J'vis la nuit
--mephisto--
J'vis la nuit
M'invente des vies de "Vis ma vie"
Avec ma tronche de refugee
En vis a vis de mes amis
En attente de visa
J'fais des rondes,
J'tourne pas rond
Je touche le fond.
Par manque de place, ici et là
A cinq dans l'même lit, hélas.
J'vis la nuit
Tordu de douleur, étourdi
Face à cette horde
Sans têtes ni queues
Dans la puanteur
D'une intimité bien hors de prix.
J'vis la nuit
A poings serrés, j'lutte endormi.
Lessivé par des journées
(Toutes les mêmes)
Passées à ressasser
La raison même
De mon identité.
A brasser d'la paperasse
En errance, de paillasse en paillasse
A frapper à tes portes, France
Et virer la caillasse
De tes administrations, pénitence
Piégée sous la semelle de mes godasses.
Reluqué, de la tête aux pieds
(Avec ma tronche de réfugié)
Par tes fils des DOM & TOM, plus noirs que moi
En somme, assis en face,
Parfois de biais, aussi, pour mieux observer
Un "sans grade", semblable à cent vauriens
Un "sans papier" (comme ils disent) de plus à l'entretien,
Et qui se présente, par le Nord saigné
Au pôle pour emplois à dignité indéterminée.
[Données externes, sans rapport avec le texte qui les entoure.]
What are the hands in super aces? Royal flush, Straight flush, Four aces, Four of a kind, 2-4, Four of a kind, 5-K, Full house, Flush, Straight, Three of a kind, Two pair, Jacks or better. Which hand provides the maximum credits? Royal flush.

Y'en a même qui, sans gênes parmi ces gens
S'permettent, rient
S'aguichent de mes problèmes, pis!
De mon accent.
Alors que franchement,
Ils en sont loin, eux, d'être plus à mêmes
Leur grammaire
Piètre, à cent lieues spectaculaire
Filerait un sacré urticaire
A mon vieux maître d'école primaire.
J'vis la nuit
J'y promène mes rêves
D'Adis à Paris
Serre les vis
De St Denis aux Ulis
Homme de brousse
A ton assaut, Metropolis.
J'vis la nuit
J'hésite, j'évite la pluie,
J'me voute, frêle
Me vautre dans les doutes.
Passerelle entre les gouttes, j'dors.
Me reprends...
La tête, j'me couvre,j'm'en sors,
Je joue des coudes, pas des combines
Et les tempêtes, je les dompte.
Effet coup de foudre, sans débine
Moi Monsieur, j'ai eu mon compte.
Puis tu me reviens.
Je repense à demain,
A ce jour sans fin.
Garde en moi l'espoir.
Je te regarde, sourire en blanc et en noir.
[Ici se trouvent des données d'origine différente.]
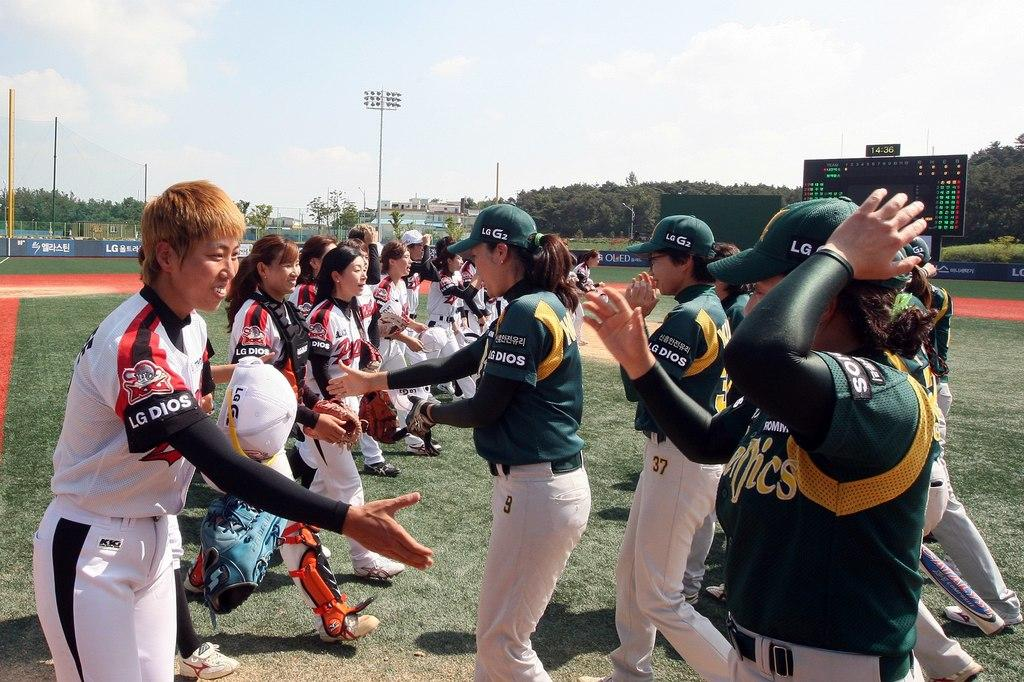<image>
Relay a brief, clear account of the picture shown. an LG dios word on the side of a person's arm

Je m'ouvre enfin, referme le tiroir.
Ecarte pêle-mêle, sueurs et chagrin.
Dans la venue du p'tit matin.
Demain, au soir, c'est sûr, j'appelle.
J'vis la nuit, tu sais
J'mentraine aux mots d'amour
Dans l'attente de notre jour,
De ton étreinte
Rejoue nos balades sur les chemins de terre
Lorsque sur mes épaules, je te portais naguère
Paumes à nouveau réunies, Pont Neuf
Arc de triomphe - Concorde, champs espérés, balisés
Par nos rires citronnés, d'une limonade en été.
Pour que cesse ce gout amère.
Ce jour ou je pourrai leur dire
Le crier, à tous, arrêter de me taire :
"Hé les gars, j'vous avais pas menti!
Chuis pas fou, rapprochez vous.
Regardez contre qui je me serre.
Il est beau hein, droit, le front serein
Vous fait-il penser à quelqu'un?"
J'vis la nuit
Car je te sens tout près, ici.
J'vire à l'ennui
Dès que tu quittes ma pensée.
Je suis de ceux
Qui vivent de peu, tu sais?
Mais toi, mon fils,
Toi seul, me suffis.
Mephisthéo, je viens de visionner ton slam. Excellent à tout point de vue. j'adore, j'adhère!